Friday, November 5th (Times listed are in PDT)
8:45 AM – 12:00 PM: Opening Remarks by Ion Stoica and Ray Tutorial
- 9 AM – 9:45 AM: Ray Core Tutorial with Stephanie Wang
- In this tutorial, we’ll give a basic overview of Ray core and a new beta library called Ray Datasets. First, we’ll use Ray core to parallelize a simple Python script. Next, we’ll explain some of the current challenges in data loading for ML frameworks, and we’ll see how we can use Ray Datasets to simplify and scale this application. [Slides] [Tutorial]
- 9:45 AM – 10:15 AM: Ray Tune Tutorial with Lisa Dunlap
- Tune is an open-source framework that easily enables ML developers to use state of the art hyperparameter tuning methods at scale without having to worry about resource allocation or time-consuming code changes. We will be going through some of our recent research in hyperparameter tuning systems for the cloud along with how to easily integrate Tune into your existing training code. [Slides] [Tutorial]
- 10:15 AM – 10:30 AM: Break
- 10:30 AM – 11:15 AM: RLlib Tutorial with Michael Luo
- Reinforcement learning (RL) algorithms involve the deep nesting of highly irregular computation patterns, each of which typically exhibits opportunities for distributed computation. We argue for distributing RL components in a composable way by adapting algorithms for top-down hierarchical control, thereby encapsulating parallelism and resource requirements within short-running compute tasks.
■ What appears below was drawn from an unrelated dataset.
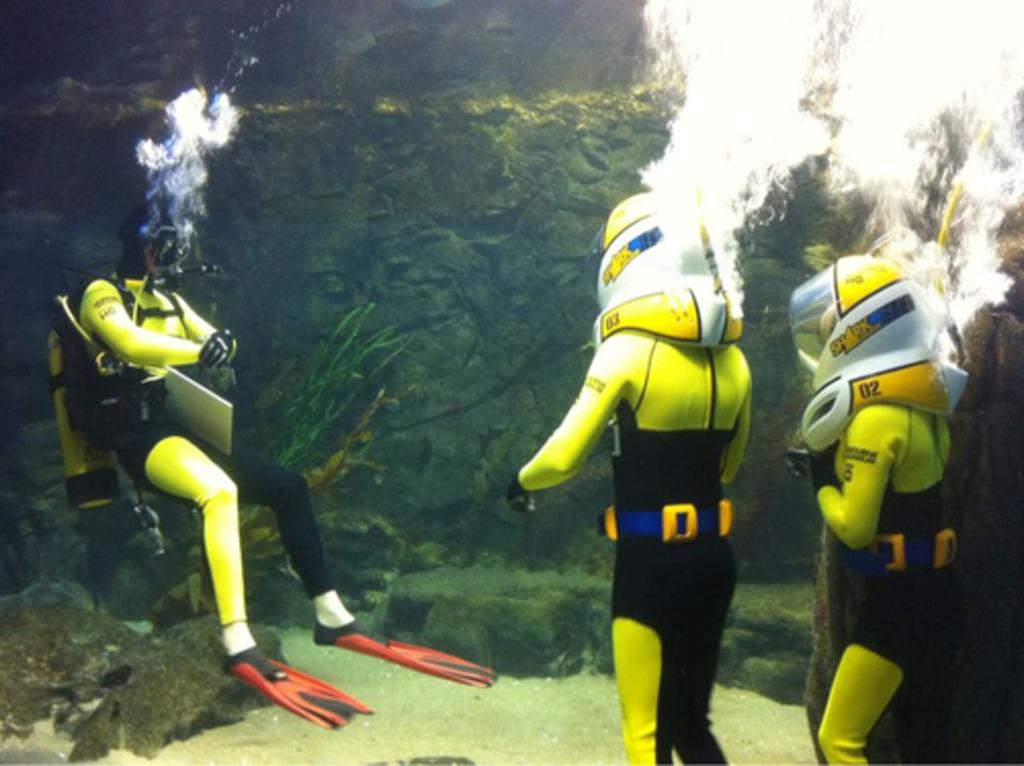Provide a one-sentence caption for the provided image. some deep sea divers, one of whom has the number 3 on their arm.

We demonstrate the benefits of this principle through RLlib: a library that provides scalable software primitives for RL. These primitives enable a broad range of algorithms to be implemented with high performance, scalability, and substantial code reuse. RLlib is available as part of the open source Ray project. [Slides] [Tutorial]
- 11:15 AM – 12:00 PM: ralf Feature Store Tutorial with Sarah Wooders and Simon Mo
- In this talk, we’ll present ralf, a feature store for computing and serving features for ML pipelines. We’ll provide background on ML features, feature stores, and ralf, then have a tutorial for setting up a simple featurization pipeline with streaming data in ralf. [Slides] [Tutorial]
12 PM – 12:30 PM: Lunch Break
12:30 PM – 1:30 PM: Modin Overview and Tutorial
- 12:30 PM – 12:45 PM: Modin: Introduction and New Development, with Dixin Tang
- Dixin Tang will give an overview of the Modin project, and latest development since the last RISECamp. [Slides]
- 12:45 PM – 1:30 PM: Modin Tutorial with Rehan Durrani
- Rehan Durrani will present an interactive demo to introduce Modin and its core functionality. [Slides] [Tutorial]
1:30 PM – 2:30 PM: New Project: NumS
- 1:30 PM – 2:20 PM: NumS Tutorial with Melih Elibol
- Melih will present the NumS project — What is NumS and what NumS is NOT, key concepts, and benchmarks in NumS, followed by a hands-on tutorial that uses NumS to address a Kaggle challenge. [Slides] [Tutorial] [Feedback Form]
- 2:20 PM – 2:30 PM: NumS Demo with Melih Elibol
- Melih will show a demo of using NumS to scale out numpy operations at a larger-scale clusters (8x r5 nodes).
2:30 PM – 3:30 PM: MC2 Tutorial
- 2:30 PM – 3:30 PM: MC2 Tutorial with Rishabh Poddar and Chester Leung
3:30 PM – 3:45 PM: Break
3:45 – 4:45 PM: New Project: mltrace
- 3:45 PM – 4:45 PM: mltrace Demo with Shreya Shankar
- Software organizations are increasingly incorporating machine learning (ML) into their product offerings, driving a need for new data management tools. Many of these tools facilitate the initial development and deployment of ML applications, contributing to a crowded landscape of disconnected solutions targeted at different stages, or components, of the ML lifecycle. A lack of end-to-end ML pipeline visibility makes it hard to address any issues that may arise after a production deployment, such as unexpected output values or lower-quality predictions. We introduce our prototype and our vision for mltrace, a platform-agnostic system that provides observability to ML practitioners by (1) executing predefined tests and monitoring ML-specific metrics at component runtime, (2) tracking end-to-end data flow, and (3) allowing users to ask arbitrary post-hoc questions about pipeline health. This tutorial specifically focuses on using mltrace to build and execute tests for ML pipelines. [Slides] [Demo]